Going to downgrade to a Bolt and sell my Roamio Plus. Gain OTA and lose 2 tuners that I don't need.


----------



## hooper (Sep 22, 2007)

MJedi said:


> I've never bought a TiVo-renewed device before. Are they good? Also, is it still worth getting All-in these days? My Series 3 OLED still works great (monthly) but Comcast made it obsolete with their MPEG-4 conversion. I'm just concerned that the Bolt will be made obsolete down the road due to TiVo not supporting it, or Comcast changing their signal. Granted, this might take many years, and with this deal it will take 2 years to make up the difference compared to an annual plan. I'm not one to sell my TiVo's so the resale value is not a factor for me. So it okay to get a TiVo-renewed Bolt? Thanks.


Only difference between a new and renewed unit is the TSN will have an extra 1. It will probably also be shipped in a brown box. It will look brand new.


----------



## westside_guy (Mar 13, 2005)

MJedi said:


> Also, is it still worth getting All-in these days?


At the regular price, I'm not so sure it's a slam dunk anymore... but with that $200 discount, it's only going to take me a bit more than two years to recoup the cost. That makes a lot of sense to me.


----------



## hooper (Sep 22, 2007)

Tax for me on Renewed Bolt 500GB All in was $2.90. ?? Gotta be a mistake.

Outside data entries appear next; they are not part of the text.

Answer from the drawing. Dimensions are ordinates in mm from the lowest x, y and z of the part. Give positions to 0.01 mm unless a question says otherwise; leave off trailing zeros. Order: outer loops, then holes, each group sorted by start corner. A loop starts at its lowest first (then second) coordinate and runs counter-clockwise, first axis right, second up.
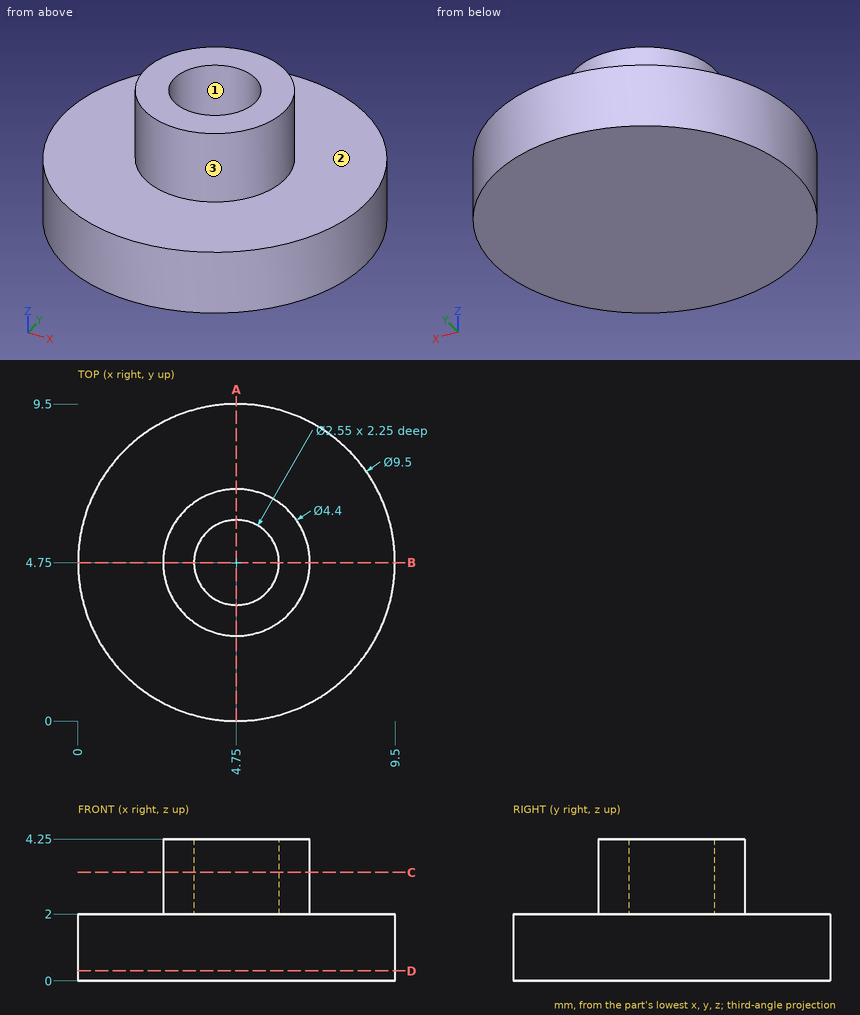
1) Consider L1, parallel to Y at x = 4.75, z = 3.1 (3 decimals); L2, parallel to Z at x = 5.75, y = 6.75; L3, parallel to X at y = 4.25, z = 2.75. Determine where each line is inside the solid, lowest interval first.
Final values:
L1: y = 2.55 to 3.475, 6.025 to 6.95
L2: z = 0 to 2
L3: x = 2.61 to 3.58, 5.92 to 6.89
2) For a pull along Y with two mould halves and no side action, classify the marked faces 1, 2 and 3 as released by +Y, released by -Y, zero draft, split by the parting line, or undercut.
Final values:
face 1: undercut
face 2: zero draft
face 3: split by the parting line
3) Given pin 1 (1.5 mm diameter, centred on x = 6.5, z = 2, fed in from +Y); pin 2 (1.5 mm diameter, centred on x = 6.5, z = 2.5, fed in from +Y), each flat-ended and moving along its own axis, determine where each tip first touches the part or whether it passes through.
Final values:
pin 1: stops at y = 9.39
pin 2: stops at y = 9.35
4) The part is cut by section C-C on z = 3.25. Determine the outline of the cut face in (x, y) (3 decimals), and give its area (3 significant figures).
Final values:
outline: circle Ø4.4 at (4.75, 4.75); hole circle Ø2.55 at (4.75, 4.75)
area: 10.1 mm2
5) The part is cut by section A-A on x = 4.75. Determine the outline of the cut face in (y, z) (3 decimals).
Final values:
outline: (0, 0) - (9.5, 0) - (9.5, 2) - (6.95, 2) - (6.95, 4.25) - (6.025, 4.25) - (6.025, 2) - (3.475, 2) - (3.475, 4.25) - (2.55, 4.25) - (2.55, 2) - (0, 2) - close
6) The part is cut by section D-D on z = 0.3. Determine the outline of the cut face in (x, y).
Final values:
outline: circle Ø9.5 at (4.75, 4.75)

Edit: they only charged tax on the hardware @$99


----------



## MJedi (Jun 17, 2002)

hooper said:


> Only difference between a new and renewed unit is the TSN will have an extra 1. It will probably also be shipped in a brown box. It will look brand new.





westside_guy said:


> At the regular price, I'm not so sure it's a slam dunk anymore... but with that $200 discount, it's only going to take me a bit more than two years to recoup the cost. That makes a lot of sense to me.

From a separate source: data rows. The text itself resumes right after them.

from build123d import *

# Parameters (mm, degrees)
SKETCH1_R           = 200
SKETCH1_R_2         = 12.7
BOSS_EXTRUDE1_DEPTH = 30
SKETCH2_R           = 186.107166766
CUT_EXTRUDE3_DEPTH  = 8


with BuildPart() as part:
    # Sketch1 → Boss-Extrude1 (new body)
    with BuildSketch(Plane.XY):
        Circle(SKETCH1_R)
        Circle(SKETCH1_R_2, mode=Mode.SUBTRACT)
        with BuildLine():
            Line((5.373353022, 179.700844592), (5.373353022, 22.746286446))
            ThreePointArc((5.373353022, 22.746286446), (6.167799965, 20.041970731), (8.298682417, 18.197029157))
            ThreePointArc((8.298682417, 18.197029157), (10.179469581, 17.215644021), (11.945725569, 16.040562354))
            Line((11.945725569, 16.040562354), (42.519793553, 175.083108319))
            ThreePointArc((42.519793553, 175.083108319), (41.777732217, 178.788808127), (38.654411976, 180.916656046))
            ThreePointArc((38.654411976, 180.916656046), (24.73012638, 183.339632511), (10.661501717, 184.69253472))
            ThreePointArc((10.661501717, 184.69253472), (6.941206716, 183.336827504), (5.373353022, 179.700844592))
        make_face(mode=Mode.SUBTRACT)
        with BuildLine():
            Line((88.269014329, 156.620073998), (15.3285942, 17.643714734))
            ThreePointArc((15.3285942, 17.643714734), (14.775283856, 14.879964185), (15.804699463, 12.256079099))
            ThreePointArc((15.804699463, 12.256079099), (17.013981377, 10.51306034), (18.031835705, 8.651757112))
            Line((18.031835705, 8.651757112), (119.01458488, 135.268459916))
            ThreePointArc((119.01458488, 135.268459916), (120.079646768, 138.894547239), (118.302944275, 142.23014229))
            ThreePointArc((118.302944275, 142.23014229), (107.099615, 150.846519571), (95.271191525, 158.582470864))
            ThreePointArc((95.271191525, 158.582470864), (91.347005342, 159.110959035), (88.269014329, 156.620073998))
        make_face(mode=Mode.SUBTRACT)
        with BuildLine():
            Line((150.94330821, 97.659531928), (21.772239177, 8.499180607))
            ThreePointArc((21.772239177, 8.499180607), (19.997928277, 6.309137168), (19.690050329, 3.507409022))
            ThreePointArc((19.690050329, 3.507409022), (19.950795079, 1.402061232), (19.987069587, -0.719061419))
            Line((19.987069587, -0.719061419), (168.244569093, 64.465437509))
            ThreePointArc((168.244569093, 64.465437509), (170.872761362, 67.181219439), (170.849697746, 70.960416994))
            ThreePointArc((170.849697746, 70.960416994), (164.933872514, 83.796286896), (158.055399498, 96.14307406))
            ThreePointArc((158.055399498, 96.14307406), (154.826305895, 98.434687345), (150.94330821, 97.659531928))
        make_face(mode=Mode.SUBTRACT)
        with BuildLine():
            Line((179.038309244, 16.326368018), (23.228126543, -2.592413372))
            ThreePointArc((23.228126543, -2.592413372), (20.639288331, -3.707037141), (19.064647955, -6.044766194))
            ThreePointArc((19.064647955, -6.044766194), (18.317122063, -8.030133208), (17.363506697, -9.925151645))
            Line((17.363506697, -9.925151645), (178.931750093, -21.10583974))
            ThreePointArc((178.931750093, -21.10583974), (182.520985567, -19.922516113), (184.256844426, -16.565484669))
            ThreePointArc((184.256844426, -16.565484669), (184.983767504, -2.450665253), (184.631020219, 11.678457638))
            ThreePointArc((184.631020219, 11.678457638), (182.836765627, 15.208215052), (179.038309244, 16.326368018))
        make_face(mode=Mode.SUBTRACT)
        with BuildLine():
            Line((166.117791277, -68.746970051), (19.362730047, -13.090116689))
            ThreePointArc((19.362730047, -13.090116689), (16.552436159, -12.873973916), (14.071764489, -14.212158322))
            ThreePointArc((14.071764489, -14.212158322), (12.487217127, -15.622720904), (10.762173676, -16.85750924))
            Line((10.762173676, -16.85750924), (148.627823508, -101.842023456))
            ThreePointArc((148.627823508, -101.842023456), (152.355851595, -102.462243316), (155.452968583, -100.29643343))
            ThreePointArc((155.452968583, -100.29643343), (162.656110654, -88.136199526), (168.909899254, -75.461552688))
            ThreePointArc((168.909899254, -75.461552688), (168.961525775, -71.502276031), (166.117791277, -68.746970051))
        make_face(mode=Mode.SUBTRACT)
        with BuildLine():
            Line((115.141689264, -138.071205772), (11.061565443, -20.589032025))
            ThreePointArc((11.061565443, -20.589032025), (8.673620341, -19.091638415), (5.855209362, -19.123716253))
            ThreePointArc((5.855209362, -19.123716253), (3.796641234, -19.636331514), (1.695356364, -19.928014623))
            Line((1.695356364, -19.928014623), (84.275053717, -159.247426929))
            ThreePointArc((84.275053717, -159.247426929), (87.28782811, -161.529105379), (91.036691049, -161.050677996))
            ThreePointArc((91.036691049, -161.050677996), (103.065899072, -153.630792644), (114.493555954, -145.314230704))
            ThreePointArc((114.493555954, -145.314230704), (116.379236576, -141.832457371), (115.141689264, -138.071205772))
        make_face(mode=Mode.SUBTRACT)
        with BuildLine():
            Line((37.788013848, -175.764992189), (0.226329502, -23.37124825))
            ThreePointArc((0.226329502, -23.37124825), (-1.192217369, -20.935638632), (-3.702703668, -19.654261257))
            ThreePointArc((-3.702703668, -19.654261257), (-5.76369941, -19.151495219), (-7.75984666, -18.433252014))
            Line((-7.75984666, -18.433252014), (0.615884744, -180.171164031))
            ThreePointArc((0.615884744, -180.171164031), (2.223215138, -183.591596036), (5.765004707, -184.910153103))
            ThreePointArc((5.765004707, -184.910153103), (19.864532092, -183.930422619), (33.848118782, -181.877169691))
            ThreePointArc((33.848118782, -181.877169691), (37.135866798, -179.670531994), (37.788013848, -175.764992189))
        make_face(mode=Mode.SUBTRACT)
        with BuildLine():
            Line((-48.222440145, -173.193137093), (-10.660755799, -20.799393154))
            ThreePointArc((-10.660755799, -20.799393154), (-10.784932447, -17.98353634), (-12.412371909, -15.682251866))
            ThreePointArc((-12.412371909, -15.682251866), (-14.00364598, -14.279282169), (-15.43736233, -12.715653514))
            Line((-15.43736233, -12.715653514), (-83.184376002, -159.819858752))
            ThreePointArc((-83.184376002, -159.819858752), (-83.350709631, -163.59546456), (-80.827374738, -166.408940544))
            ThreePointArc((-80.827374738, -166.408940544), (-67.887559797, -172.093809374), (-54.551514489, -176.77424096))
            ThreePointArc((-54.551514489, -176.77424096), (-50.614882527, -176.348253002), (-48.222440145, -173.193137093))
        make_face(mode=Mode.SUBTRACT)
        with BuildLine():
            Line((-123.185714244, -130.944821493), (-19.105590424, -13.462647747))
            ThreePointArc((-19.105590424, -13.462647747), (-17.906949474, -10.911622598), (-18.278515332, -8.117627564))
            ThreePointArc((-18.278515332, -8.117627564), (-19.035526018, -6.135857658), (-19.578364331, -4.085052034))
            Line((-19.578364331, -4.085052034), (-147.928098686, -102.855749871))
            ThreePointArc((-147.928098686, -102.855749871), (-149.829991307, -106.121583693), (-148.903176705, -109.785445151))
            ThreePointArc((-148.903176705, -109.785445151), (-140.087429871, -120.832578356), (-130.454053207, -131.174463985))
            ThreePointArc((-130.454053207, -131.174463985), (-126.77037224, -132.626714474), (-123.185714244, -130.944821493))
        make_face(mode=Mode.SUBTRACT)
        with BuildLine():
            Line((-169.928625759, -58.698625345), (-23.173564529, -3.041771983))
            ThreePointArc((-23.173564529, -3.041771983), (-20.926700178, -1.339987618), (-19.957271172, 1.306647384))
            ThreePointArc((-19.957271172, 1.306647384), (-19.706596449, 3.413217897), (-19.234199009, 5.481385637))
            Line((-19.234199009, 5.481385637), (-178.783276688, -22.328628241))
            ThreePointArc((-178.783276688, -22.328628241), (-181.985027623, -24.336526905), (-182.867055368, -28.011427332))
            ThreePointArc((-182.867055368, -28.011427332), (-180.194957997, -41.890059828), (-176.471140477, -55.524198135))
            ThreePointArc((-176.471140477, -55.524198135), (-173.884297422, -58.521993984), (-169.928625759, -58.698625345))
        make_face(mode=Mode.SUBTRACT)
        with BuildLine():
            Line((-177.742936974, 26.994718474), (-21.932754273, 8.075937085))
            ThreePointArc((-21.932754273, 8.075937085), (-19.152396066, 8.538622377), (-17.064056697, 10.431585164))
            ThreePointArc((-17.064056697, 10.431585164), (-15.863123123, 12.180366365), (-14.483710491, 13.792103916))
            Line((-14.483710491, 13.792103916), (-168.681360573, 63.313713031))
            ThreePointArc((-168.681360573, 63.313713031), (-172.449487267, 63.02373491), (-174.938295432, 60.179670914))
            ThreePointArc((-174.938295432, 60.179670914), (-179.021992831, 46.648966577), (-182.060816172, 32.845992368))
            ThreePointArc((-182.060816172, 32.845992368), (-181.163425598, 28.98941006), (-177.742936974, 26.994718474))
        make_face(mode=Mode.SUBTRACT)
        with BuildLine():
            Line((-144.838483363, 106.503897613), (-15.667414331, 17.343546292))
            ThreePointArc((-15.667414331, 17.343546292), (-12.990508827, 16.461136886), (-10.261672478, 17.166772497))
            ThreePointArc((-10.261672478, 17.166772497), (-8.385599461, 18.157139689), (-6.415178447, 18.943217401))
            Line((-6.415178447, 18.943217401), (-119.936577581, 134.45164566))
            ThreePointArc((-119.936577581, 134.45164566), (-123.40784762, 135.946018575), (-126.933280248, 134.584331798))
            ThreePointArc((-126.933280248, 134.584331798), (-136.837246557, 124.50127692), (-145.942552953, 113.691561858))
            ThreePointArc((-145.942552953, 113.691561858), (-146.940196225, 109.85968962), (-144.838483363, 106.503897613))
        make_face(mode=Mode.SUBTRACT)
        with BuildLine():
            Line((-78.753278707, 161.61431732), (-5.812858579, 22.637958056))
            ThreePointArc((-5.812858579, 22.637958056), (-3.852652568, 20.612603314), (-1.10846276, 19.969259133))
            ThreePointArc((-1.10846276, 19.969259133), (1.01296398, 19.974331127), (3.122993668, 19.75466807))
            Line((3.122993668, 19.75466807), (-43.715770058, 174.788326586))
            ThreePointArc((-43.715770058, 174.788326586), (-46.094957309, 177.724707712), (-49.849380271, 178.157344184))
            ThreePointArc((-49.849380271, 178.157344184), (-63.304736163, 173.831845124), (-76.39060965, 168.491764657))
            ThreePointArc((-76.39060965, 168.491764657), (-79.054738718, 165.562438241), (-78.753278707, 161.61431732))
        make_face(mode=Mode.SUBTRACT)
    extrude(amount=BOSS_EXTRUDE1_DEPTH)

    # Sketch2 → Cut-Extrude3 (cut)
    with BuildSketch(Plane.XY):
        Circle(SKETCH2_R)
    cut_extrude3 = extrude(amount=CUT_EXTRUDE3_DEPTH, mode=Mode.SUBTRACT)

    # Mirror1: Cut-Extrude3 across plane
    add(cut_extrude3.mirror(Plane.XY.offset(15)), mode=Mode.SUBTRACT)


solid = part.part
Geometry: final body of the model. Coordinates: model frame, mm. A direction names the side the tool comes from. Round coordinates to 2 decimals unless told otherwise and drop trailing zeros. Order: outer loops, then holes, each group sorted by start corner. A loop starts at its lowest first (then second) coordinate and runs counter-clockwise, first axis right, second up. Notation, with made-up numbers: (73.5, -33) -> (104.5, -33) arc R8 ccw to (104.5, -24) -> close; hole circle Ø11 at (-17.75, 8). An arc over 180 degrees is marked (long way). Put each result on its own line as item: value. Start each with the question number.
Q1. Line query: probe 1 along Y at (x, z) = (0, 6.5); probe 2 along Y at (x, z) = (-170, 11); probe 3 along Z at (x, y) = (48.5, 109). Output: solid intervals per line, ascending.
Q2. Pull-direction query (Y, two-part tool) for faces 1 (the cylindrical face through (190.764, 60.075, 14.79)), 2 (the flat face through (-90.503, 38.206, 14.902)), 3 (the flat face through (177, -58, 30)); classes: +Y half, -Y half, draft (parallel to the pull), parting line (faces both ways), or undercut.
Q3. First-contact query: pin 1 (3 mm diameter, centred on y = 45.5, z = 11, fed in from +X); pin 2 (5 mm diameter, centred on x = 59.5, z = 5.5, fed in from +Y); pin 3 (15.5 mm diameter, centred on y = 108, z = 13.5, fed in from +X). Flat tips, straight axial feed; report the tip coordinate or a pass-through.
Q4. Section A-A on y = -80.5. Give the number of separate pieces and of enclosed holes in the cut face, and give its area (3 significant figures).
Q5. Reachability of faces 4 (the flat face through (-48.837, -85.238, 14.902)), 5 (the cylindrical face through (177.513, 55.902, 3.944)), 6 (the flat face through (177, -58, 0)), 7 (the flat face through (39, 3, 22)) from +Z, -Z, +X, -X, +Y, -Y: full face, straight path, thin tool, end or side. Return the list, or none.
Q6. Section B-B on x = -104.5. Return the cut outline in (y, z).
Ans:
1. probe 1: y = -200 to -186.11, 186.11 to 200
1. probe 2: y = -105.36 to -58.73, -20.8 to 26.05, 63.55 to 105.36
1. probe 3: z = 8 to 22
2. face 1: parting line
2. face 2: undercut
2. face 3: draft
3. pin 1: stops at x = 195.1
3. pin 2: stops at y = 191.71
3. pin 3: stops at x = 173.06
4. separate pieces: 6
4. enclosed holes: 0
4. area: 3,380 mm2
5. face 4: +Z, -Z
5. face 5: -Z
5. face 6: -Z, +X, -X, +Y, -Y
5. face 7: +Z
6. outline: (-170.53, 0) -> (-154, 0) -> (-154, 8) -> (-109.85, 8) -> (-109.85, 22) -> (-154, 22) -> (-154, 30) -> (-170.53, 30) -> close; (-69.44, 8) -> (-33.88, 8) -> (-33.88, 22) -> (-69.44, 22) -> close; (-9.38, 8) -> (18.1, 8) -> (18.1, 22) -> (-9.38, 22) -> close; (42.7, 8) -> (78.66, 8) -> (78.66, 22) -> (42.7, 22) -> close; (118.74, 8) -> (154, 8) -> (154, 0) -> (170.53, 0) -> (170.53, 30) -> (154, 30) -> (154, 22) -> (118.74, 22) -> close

Thanks for replies and assurance. I just placed the order for the Bolt 1TB All-in.



hooper said:


> Tax for me on Renewed Bolt 500GB All in was $2.90. ?? Gotta be a mistake.
> 
> Edit: they only charged tax on the hardware @$99


Lucky you. I was charged sales tax on the hardware and service.


----------



## Laughs Brightly (Jan 23, 2016)

MJedi said:


> I've never bought a TiVo-renewed device before. Are they good? .


Bought a renewed Roamio last year - works fine. Just bought a second one.


dslunceford said:


> Nick, many thanks to your marketing department for sending me 10 emails in a row about the sale. Seriously?
> 
> View attachment 27208


I got one 1 email. I saw the deal on FaceBook first.


----------



## alexb (Jan 4, 2003)

Ok, i succumbed and ordered Bolt+ and a mini, i realized they were going to charge me WA state tax (which makes no sense to me) so I am ordering via amazon as i have until Jan 31st to return unit and i get free next day delivery via prime.


----------



## suriyun (Aug 24, 2007)

This sale was perfect timing. I'm in for a Bolt 1TB refurb all-in.


----------



## jcthorne (Jan 28, 2002)

Laughs Brightly said:


> What do you think of the renewed Bolt offer? I have three Roamios (2 lifetime, 2 with 3 TB) and was thinking a Bolt could replace my subscription OTA 500GB box.
> Of course a lifetime OTA + 3 TB drive would do the same.


Be aware that for OTA, the Roamio has a far better tuner. I have far more trouble with botched recordings on my Bolt than on the roamio or premiere.


----------



## thyname (Dec 27, 2010)

DancnDude said:


> $500 for an All-in 1TB factory renewed Bolt seems like a great price.


Agreed!


----------



## hooper (Sep 22, 2007)

Good deal on a 2 or 4 TB upgrade drive
2TB Seagate Backup Plus Slim USB 3.0 Portable Hard Drive(STDR2000100) $70 + Free Shipping

2TB for $69 is better than the Tivo $50 upsell for 1GB


----------



## westside_guy (Mar 13, 2005)

MJedi said:


> Thanks for replies and assurance. I just placed the order for the Bolt 1TB All-in.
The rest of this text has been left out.